Hint: We now have two independent groups and a continuous dependent variable (reaction times).

⇒ An (independent samples) t-test!

t-test setup

To run a t-Test, let’s first simulate data. What happens here?

set.seed(31415)
sim_data_t <- tibble(
  group = rep(c("treatment", "control"), each=20),
  reaction_times = c(rnorm(20, 400, 100), rnorm(20, 450, 100))) #poorly documented code for practice

t-Test: Formula Notation

We can use the formula notation to run the t-test. This notation usually looks like this:
dependent variable ~ independent variable.

Replace the NULLs:

t.test(NULL ~ NULL,
       data = NULL,
       alternative = NULL,
       paired = NULL)

t-Test: Formula Notation

We can use the formula notation to run the t-test.

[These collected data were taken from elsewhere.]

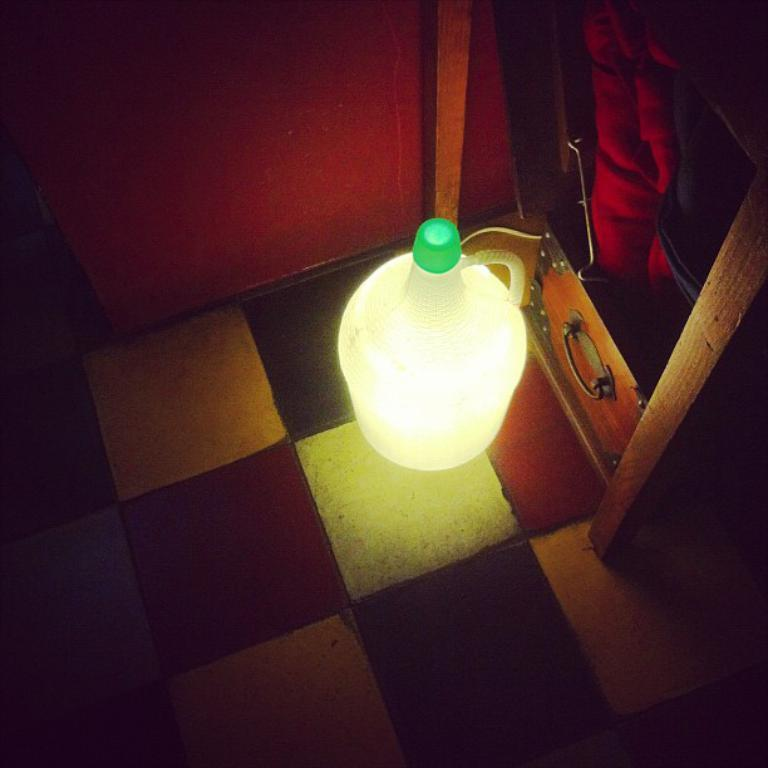What type of illumination is present in the image? There is light in the image. What surface can be seen beneath the objects in the image? There is a floor visible in the image. What material are the objects made of in the image? There are wooden objects in the image. What separates the space in the image? There is a wall in the image. What type of honey is being used to paint the wall in the image? There is no honey present in the image, and the wall is not being painted. 
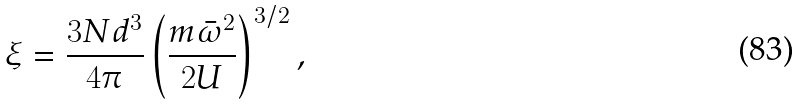Convert formula to latex. <formula><loc_0><loc_0><loc_500><loc_500>\xi = \frac { 3 N d ^ { 3 } } { 4 \pi } \left ( \frac { m \bar { \omega } ^ { 2 } } { 2 U } \right ) ^ { 3 / 2 } ,</formula> 
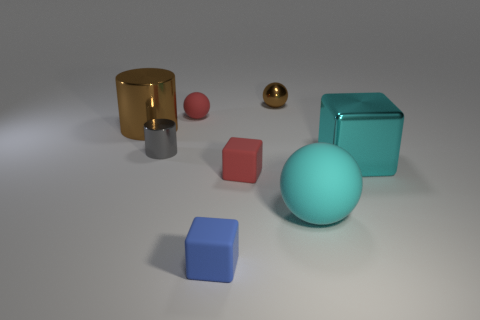What number of matte objects are big objects or tiny red objects?
Offer a very short reply. 3. Are there any blocks that have the same size as the brown ball?
Provide a succinct answer. Yes. Is the number of matte balls left of the big ball greater than the number of tiny green metal cylinders?
Your answer should be compact. Yes. What number of small objects are either metal spheres or blue rubber things?
Your answer should be compact. 2. How many cyan rubber things are the same shape as the tiny blue thing?
Your answer should be very brief. 0. There is a big thing that is behind the tiny metal object on the left side of the small brown ball; what is it made of?
Provide a short and direct response. Metal. There is a matte block in front of the small red block; what size is it?
Offer a terse response. Small. How many gray things are shiny things or shiny spheres?
Your response must be concise. 1. There is a red thing that is the same shape as the big cyan metallic thing; what is its material?
Ensure brevity in your answer.  Rubber. Are there an equal number of tiny red objects that are in front of the red rubber sphere and small red objects?
Offer a very short reply. No. 
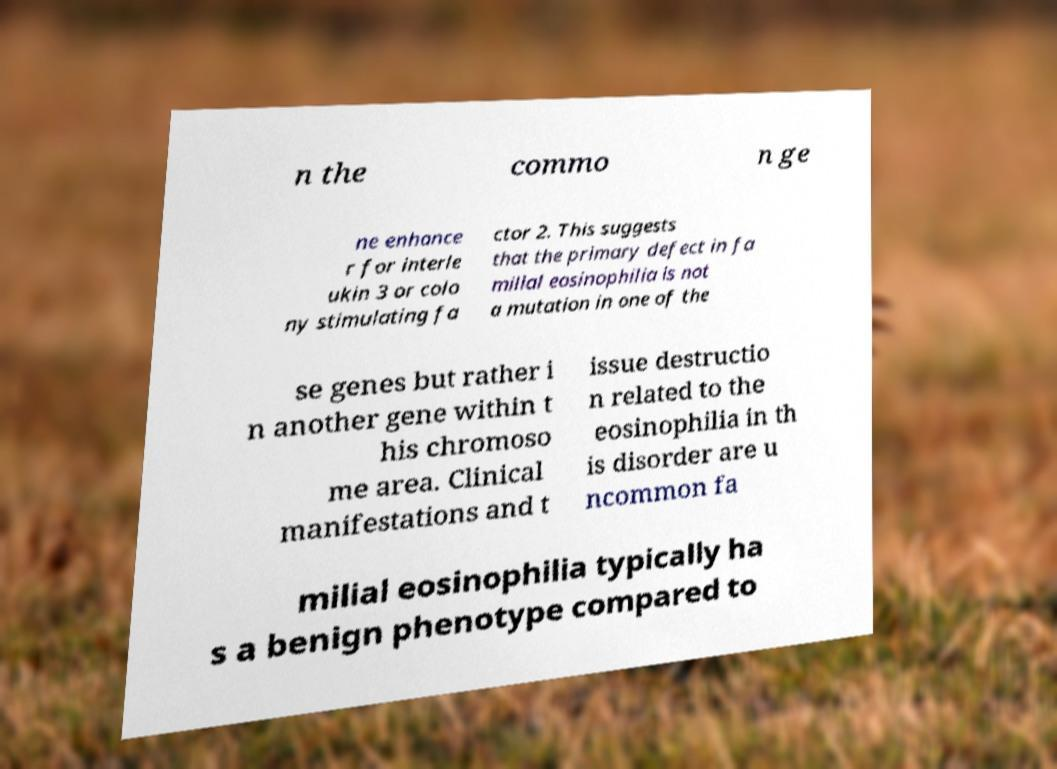Can you read and provide the text displayed in the image?This photo seems to have some interesting text. Can you extract and type it out for me? n the commo n ge ne enhance r for interle ukin 3 or colo ny stimulating fa ctor 2. This suggests that the primary defect in fa milial eosinophilia is not a mutation in one of the se genes but rather i n another gene within t his chromoso me area. Clinical manifestations and t issue destructio n related to the eosinophilia in th is disorder are u ncommon fa milial eosinophilia typically ha s a benign phenotype compared to

This notation usually looks like this:
dependent variable ~ independent variable.

Replace the NULLs:

t.test(reaction_times ~ group,
       data = sim_data_t,
       alternative = "greater", #depends on ALPHABETICAL order of groups in data! (if not coded as factor)
       #paired = FALSE # this is the default, so no need to specify it
)

    Welch Two Sample t-test

data:  reaction_times by group
t = 1.9841, df = 34.42, p-value = 0.02763
alternative hypothesis: true difference in means between group control and group treatment is greater than 0
95 percent confidence interval:
 10.02639      Inf
sample estimates:
  mean in group control mean in group treatment 
               468.0592                400.3289

t-Test: Formula Notation

t.test(reaction_times ~ group,
       data = sim_data_t,
       alternative = "greater", #depends on ALPHABETICAL order of groups in data! (if not coded as factor)
       #paired = FALSE # this is the default, so no need to specify it
)

    Welch Two Sample t-test

data:  reaction_times by group
t = 1.9841, df = 34.42, p-value = 0.02763
alternative hypothesis: true difference in means between group control and group treatment is greater than 0
95 percent confidence interval:
 10.02639      Inf
sample estimates:
  mean in group control mean in group treatment 
               468.0592                400.3289

As you can see in the output, R automatically chose to run Welch’s t-test, which does not assume homogeneity of variance in contrast to Student’s t-test. For the latter, you can add the function parameter var.equal = TRUE

t-Test with filter

You can also supply two vectors of numerical values for the groups:

t.test(x = sim_data_t %>% filter(group=="treatment") %>% pull(reaction_times),
       y = sim_data_t %>% filter(group=="control") %>% pull(reaction_times),
       alternative = "less") #more intuitive now because you can filter for treatment first

    Welch Two Sample t-test

data:  sim_data_t %>% filter(group == "treatment") %>% pull(reaction_times) and sim_data_t %>% filter(group == "control") %>% pull(reaction_times)
t = -1.9841, df = 34.42, p-value = 0.02763
alternative hypothesis: true difference in means is less than 0
95 percent confidence interval:
      -Inf -10.02639
sample estimates:
mean of x mean of y 
 400.3289  468.0592

This makes it easier to think about the direction of the alternative hypothesis because you choose which group is considered first.

t-Test: apa package

More useful output with apa package (only for Student’s t-tests):

t.test(x = sim_data_t %>% filter(group=="treatment") %>% pull(reaction_times),
       y = sim_data_t %>% filter(group=="control") %>% pull(reaction_times),
       alternative = "less", 
       var.equal = TRUE) %>% 
  apa::t_apa(es_ci = TRUE) #optional: confidence interval around effect size
t(38) = -1.98, p = .027, d = -0.63 [-1.26; 0.01]

t-Test: paired samples

For paired t-tests, you have to work with the wide format of data (advantage: missing values become explicit):

sim_data_t_wide = sim_data_t %>% mutate(subject=rep.int(1:(n()/2), 2)) %>% 
  pivot_wider(names_from="group", values_from="reaction_times", id_cols = subject)
t.test(x = sim_data_t_wide %>% pull(treatment),
       y = sim_data_t_wide %>% pull(control),
       alternative = "less", 
       paired = TRUE) %>% 
  apa::t_apa(es_ci = TRUE) #optional: confidence interval around effect size
t(19) = -1.98, p = .031, d = -0.44 [-0.90; 0.02]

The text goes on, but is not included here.